| Task description |
Your answer should contain only the lines from the top of the data below down through the one with "46.5l1.5-.2 1.6 3.3M195.7", transcribed exactly and without pictures; please include nothing more.

[Data extracted from a collection]
-----

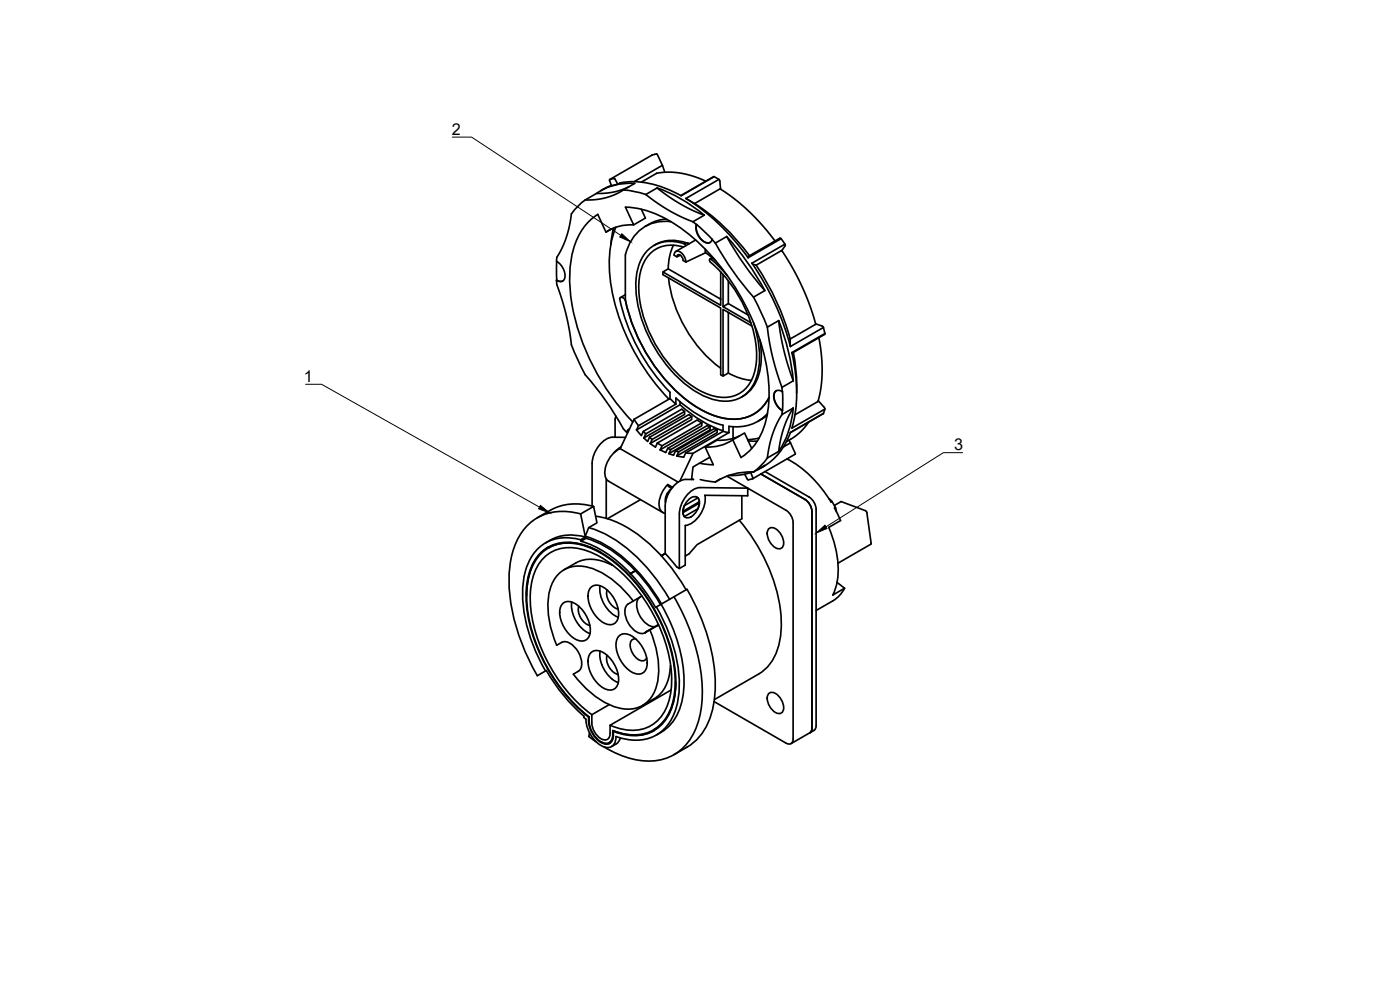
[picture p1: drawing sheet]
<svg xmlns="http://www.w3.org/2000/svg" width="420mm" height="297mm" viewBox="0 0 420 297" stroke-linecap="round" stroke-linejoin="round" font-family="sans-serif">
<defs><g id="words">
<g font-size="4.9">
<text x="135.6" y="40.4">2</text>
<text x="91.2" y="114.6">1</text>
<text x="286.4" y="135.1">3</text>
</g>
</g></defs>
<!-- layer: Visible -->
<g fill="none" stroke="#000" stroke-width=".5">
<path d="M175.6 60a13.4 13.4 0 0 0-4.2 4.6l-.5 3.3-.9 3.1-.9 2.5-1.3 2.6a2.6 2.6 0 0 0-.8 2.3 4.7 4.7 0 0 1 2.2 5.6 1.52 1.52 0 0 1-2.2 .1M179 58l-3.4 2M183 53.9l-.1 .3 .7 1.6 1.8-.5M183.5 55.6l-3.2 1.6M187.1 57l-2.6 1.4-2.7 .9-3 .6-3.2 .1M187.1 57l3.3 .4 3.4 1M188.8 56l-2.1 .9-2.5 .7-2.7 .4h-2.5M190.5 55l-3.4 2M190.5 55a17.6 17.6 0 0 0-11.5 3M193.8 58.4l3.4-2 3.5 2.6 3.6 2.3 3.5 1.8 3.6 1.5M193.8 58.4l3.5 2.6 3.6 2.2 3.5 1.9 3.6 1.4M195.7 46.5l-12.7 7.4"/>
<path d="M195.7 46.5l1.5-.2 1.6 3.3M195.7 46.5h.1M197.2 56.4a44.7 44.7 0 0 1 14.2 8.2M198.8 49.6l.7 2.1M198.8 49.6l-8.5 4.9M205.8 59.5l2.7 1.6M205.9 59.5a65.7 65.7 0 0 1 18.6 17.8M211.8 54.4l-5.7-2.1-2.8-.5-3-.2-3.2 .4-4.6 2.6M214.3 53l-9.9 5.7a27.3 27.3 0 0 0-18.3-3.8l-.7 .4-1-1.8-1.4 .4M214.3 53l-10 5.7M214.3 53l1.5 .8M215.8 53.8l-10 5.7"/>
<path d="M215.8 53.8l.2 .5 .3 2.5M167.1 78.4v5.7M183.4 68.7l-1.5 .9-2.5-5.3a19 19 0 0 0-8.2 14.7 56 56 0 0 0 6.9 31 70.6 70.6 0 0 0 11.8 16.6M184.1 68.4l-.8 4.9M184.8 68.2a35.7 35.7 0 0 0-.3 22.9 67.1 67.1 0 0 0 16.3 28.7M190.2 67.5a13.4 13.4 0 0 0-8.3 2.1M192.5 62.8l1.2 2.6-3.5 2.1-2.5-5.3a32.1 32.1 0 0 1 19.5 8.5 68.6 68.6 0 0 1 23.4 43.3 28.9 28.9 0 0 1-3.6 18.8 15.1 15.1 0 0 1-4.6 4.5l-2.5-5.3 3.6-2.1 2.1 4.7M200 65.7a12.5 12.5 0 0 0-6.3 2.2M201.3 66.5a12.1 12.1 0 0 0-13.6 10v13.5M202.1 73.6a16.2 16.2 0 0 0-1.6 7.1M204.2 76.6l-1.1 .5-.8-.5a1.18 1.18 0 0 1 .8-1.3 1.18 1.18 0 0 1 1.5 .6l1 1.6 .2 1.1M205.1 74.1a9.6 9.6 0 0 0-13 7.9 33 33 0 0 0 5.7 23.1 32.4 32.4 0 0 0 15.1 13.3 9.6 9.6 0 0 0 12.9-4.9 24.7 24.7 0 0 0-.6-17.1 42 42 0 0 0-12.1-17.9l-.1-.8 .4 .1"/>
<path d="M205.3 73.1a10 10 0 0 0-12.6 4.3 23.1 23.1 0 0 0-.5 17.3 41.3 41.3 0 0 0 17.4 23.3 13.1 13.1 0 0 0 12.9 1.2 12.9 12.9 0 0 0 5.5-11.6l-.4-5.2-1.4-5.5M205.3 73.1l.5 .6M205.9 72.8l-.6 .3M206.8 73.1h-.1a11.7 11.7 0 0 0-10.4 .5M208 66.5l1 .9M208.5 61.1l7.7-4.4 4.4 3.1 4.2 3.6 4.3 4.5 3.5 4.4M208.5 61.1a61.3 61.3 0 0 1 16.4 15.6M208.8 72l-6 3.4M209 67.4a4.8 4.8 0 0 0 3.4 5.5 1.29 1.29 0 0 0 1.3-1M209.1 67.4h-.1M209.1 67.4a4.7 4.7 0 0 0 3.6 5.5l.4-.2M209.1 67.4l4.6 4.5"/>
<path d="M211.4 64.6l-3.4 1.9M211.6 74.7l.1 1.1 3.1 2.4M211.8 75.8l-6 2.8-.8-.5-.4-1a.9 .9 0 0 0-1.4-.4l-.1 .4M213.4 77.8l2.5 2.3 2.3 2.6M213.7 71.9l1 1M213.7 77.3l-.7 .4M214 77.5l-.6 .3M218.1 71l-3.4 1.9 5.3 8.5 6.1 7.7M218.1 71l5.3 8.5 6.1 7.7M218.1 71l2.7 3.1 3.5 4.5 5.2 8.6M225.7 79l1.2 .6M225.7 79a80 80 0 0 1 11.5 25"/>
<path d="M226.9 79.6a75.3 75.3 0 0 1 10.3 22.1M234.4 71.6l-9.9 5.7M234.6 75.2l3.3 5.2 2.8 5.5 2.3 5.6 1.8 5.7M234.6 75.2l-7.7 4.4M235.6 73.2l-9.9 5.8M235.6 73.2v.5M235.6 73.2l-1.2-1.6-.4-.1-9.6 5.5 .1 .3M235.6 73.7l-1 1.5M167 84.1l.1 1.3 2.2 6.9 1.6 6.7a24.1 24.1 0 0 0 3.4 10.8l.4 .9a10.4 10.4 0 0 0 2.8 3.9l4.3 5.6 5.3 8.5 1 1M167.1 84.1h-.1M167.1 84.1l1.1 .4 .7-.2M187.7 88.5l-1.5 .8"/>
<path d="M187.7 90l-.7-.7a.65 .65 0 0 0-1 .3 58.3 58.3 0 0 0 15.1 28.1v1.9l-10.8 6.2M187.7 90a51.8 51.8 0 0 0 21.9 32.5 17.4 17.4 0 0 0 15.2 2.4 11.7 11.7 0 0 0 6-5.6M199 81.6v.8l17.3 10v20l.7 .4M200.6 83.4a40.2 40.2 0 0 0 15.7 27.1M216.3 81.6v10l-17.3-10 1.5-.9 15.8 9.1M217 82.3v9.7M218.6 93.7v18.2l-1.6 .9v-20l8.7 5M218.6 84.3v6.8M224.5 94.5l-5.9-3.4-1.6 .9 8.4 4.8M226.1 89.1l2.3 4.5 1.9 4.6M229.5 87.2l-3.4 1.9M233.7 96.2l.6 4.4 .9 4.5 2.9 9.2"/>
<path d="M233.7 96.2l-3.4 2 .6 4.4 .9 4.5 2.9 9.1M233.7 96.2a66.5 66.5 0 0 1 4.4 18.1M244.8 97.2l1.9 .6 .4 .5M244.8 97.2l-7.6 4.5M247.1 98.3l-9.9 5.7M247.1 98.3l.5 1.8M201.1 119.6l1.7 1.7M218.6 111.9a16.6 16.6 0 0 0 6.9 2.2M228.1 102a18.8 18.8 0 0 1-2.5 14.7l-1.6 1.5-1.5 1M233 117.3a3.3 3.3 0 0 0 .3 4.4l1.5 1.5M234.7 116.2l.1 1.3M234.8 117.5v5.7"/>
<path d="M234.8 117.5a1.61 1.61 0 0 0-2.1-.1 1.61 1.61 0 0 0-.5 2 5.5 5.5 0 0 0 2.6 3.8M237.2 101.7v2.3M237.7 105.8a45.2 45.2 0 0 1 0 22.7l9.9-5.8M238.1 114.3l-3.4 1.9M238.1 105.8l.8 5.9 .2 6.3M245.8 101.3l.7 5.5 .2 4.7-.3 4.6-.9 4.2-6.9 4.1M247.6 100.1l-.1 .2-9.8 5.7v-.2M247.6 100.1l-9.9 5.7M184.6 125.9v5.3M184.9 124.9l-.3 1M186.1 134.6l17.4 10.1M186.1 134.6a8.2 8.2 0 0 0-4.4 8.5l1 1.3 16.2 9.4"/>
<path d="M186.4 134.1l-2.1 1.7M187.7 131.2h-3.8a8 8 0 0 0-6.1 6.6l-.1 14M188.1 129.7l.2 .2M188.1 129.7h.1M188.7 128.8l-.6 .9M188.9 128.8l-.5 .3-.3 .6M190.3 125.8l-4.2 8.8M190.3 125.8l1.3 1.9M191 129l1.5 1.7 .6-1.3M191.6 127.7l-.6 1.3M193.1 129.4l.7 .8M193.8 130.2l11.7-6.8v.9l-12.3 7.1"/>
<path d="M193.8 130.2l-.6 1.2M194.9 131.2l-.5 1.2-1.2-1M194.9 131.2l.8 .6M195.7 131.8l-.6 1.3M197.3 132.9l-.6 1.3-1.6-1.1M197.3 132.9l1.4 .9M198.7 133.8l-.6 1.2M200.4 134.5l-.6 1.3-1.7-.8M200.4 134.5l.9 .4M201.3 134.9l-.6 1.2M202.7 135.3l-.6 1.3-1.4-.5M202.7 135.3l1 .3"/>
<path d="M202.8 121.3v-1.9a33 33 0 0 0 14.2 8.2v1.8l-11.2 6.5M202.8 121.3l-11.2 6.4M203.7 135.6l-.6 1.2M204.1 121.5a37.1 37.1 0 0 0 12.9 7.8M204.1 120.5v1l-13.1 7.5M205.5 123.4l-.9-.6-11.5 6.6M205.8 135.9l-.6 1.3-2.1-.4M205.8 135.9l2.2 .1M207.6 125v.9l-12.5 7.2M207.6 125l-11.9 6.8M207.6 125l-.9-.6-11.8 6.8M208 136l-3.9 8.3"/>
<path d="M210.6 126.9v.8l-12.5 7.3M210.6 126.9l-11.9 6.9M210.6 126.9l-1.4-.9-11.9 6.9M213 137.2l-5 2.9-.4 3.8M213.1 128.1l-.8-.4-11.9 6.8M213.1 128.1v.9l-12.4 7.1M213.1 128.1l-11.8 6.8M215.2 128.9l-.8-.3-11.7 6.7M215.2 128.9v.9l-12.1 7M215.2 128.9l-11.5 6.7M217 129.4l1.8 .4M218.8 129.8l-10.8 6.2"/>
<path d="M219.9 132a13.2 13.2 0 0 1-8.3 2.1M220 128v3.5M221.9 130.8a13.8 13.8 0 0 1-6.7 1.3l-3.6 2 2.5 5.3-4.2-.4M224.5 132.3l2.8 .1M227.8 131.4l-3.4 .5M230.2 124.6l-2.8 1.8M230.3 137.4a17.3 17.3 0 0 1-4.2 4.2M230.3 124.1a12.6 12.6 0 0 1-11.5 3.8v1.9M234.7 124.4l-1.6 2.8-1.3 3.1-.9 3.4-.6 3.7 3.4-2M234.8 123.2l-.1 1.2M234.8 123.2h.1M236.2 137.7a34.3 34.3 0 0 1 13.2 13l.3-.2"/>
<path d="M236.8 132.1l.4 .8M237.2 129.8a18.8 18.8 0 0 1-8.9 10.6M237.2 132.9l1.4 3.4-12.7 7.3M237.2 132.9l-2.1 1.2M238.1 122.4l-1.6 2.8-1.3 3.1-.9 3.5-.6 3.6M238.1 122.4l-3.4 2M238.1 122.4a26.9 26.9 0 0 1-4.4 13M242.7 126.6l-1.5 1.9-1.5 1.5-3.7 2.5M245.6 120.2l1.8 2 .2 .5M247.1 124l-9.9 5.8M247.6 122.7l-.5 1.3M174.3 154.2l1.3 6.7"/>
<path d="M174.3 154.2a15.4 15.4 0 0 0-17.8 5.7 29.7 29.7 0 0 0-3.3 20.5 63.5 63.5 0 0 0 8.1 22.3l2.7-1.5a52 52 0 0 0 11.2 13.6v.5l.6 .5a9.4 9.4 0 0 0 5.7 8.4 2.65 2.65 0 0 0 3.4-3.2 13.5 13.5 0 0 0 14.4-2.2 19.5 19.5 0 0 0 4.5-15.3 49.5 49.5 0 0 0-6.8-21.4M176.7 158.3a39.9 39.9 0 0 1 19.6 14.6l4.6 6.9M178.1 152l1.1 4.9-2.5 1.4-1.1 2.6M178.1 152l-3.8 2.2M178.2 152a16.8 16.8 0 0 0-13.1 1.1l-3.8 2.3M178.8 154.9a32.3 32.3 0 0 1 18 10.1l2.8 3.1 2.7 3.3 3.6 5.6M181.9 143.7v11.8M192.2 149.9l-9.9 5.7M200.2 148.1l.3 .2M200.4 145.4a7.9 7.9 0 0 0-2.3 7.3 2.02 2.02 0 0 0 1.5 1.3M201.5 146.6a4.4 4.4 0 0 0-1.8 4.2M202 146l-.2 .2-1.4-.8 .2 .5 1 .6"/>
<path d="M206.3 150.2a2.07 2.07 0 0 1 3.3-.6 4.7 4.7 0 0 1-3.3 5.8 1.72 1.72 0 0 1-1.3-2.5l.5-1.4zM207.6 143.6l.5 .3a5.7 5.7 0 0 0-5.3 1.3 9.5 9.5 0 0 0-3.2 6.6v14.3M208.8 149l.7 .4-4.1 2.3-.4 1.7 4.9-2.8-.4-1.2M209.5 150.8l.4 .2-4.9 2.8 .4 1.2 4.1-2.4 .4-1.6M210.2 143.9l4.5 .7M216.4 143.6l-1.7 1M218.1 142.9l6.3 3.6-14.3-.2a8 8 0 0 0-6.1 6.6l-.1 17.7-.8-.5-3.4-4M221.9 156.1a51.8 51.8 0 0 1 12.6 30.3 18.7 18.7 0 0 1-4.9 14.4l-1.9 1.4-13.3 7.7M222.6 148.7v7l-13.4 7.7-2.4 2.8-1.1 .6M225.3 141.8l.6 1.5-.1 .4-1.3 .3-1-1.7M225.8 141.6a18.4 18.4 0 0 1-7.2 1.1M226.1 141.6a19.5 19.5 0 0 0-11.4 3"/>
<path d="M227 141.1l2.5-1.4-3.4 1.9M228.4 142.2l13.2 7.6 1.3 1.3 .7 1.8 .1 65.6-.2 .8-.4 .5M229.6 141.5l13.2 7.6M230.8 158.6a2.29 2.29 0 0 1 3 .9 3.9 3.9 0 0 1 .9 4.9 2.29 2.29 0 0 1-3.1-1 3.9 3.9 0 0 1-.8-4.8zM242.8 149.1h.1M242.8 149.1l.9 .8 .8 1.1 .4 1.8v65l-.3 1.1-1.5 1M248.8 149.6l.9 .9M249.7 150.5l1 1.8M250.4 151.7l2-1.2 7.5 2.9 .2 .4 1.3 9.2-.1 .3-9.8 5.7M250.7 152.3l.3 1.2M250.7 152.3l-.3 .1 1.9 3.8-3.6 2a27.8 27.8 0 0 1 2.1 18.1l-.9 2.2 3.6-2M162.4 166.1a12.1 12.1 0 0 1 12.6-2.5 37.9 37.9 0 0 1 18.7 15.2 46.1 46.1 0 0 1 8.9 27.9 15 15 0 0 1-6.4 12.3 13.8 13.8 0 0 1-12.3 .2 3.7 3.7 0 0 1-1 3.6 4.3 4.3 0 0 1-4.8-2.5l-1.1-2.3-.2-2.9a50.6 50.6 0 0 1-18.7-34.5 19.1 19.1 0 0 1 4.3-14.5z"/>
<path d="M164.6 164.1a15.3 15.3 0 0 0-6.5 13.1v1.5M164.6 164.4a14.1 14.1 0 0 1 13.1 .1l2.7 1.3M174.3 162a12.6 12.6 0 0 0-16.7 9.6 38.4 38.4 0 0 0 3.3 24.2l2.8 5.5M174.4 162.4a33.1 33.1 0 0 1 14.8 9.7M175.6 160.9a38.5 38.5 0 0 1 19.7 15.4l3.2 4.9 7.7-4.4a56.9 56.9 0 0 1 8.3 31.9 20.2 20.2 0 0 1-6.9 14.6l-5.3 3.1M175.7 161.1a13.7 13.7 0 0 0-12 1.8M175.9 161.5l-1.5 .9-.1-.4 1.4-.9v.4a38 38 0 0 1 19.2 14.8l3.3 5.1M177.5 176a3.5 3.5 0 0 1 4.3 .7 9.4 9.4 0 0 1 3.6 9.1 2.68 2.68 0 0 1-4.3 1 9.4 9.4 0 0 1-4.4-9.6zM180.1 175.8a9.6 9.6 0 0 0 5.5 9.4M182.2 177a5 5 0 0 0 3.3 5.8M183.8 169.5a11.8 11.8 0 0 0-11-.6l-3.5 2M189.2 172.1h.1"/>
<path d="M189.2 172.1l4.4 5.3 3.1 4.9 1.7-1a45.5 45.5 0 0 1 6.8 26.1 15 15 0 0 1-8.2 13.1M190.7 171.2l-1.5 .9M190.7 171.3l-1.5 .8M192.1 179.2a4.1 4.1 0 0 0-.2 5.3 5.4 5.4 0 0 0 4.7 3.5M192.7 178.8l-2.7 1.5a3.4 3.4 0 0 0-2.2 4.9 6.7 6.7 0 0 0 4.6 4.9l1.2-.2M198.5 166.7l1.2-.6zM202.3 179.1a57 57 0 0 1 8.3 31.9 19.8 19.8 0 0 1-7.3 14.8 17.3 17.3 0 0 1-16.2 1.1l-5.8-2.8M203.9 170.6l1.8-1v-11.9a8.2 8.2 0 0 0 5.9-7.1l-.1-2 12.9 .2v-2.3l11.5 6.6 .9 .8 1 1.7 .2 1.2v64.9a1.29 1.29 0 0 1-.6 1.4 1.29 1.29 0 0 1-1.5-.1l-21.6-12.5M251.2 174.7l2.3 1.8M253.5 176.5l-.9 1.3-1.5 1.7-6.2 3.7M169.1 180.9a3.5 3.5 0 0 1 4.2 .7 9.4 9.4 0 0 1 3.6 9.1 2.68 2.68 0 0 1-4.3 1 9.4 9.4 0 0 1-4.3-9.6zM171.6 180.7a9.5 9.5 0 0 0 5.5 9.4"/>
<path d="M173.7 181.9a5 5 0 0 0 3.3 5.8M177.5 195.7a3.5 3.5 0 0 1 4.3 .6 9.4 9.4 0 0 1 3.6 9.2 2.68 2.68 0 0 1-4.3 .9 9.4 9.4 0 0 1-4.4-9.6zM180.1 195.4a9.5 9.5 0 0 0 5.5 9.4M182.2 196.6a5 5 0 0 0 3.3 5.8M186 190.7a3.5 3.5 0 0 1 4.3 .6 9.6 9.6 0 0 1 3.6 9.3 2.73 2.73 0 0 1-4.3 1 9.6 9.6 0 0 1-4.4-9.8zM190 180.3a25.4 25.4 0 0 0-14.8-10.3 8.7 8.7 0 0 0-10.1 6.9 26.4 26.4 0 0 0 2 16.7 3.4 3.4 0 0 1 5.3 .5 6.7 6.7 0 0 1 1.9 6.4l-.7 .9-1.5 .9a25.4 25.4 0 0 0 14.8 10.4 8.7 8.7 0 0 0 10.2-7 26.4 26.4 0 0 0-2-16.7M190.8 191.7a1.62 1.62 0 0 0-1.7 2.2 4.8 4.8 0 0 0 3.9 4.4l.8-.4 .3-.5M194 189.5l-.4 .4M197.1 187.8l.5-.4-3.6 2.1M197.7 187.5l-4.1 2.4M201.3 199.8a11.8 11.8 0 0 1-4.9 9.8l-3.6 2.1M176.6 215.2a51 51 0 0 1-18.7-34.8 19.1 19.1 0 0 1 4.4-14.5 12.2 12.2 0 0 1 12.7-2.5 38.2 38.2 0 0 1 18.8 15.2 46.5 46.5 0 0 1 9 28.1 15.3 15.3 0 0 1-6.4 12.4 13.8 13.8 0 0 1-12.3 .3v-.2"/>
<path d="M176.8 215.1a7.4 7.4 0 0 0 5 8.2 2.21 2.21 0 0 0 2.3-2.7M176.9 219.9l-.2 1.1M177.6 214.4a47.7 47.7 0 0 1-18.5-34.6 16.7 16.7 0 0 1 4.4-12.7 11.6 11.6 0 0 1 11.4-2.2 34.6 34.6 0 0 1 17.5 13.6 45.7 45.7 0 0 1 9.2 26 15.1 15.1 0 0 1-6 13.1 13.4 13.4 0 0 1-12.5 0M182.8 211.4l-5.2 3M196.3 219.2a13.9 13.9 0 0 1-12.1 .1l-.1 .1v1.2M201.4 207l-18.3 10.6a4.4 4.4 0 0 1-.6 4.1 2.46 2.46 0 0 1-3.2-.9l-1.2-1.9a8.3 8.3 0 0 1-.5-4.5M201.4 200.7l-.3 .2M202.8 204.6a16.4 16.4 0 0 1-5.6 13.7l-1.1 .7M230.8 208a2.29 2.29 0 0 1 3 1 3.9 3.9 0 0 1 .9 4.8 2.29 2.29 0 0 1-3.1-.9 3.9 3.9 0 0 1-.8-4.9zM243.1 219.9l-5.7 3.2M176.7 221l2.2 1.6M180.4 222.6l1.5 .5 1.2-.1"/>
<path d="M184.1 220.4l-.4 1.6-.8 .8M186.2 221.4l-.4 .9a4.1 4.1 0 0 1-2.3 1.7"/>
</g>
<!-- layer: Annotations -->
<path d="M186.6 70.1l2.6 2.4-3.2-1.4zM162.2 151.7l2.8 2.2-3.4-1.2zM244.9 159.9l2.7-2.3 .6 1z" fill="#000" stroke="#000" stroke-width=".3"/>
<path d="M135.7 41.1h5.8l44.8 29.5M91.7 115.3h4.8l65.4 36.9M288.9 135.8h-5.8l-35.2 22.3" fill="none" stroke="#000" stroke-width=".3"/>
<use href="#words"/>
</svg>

-----

| Solution |
[picture p1: drawing sheet]
<svg xmlns="http://www.w3.org/2000/svg" width="420mm" height="297mm" viewBox="0 0 420 297" stroke-linecap="round" stroke-linejoin="round" font-family="sans-serif">
<defs><g id="words">
<g font-size="4.9">
<text x="135.6" y="40.4">2</text>
<text x="91.2" y="114.6">1</text>
<text x="286.4" y="135.1">3</text>
</g>
</g></defs>
<!-- layer: Visible -->
<g fill="none" stroke="#000" stroke-width=".5">
<path d="M175.6 60a13.4 13.4 0 0 0-4.2 4.6l-.5 3.3-.9 3.1-.9 2.5-1.3 2.6a2.6 2.6 0 0 0-.8 2.3 4.7 4.7 0 0 1 2.2 5.6 1.52 1.52 0 0 1-2.2 .1M179 58l-3.4 2M183 53.9l-.1 .3 .7 1.6 1.8-.5M183.5 55.6l-3.2 1.6M187.1 57l-2.6 1.4-2.7 .9-3 .6-3.2 .1M187.1 57l3.3 .4 3.4 1M188.8 56l-2.1 .9-2.5 .7-2.7 .4h-2.5M190.5 55l-3.4 2M190.5 55a17.6 17.6 0 0 0-11.5 3M193.8 58.4l3.4-2 3.5 2.6 3.6 2.3 3.5 1.8 3.6 1.5M193.8 58.4l3.5 2.6 3.6 2.2 3.5 1.9 3.6 1.4M195.7 46.5l-12.7 7.4"/>
<path d="M195.7 46.5l1.5-.2 1.6 3.3M195.7 46.5h.1M197.2 56.4a44.7 44.7 0 0 1 14.2 8.2M198.8 49.6l.7 2.1M198.8 49.6l-8.5 4.9M205.8 59.5l2.7 1.6M205.9 59.5a65.7 65.7 0 0 1 18.6 17.8M211.8 54.4l-5.7-2.1-2.8-.5-3-.2-3.2 .4-4.6 2.6M214.3 53l-9.9 5.7a27.3 27.3 0 0 0-18.3-3.8l-.7 .4-1-1.8-1.4 .4M214.3 53l-10 5.7M214.3 53l1.5 .8M215.8 53.8l-10 5.7"/>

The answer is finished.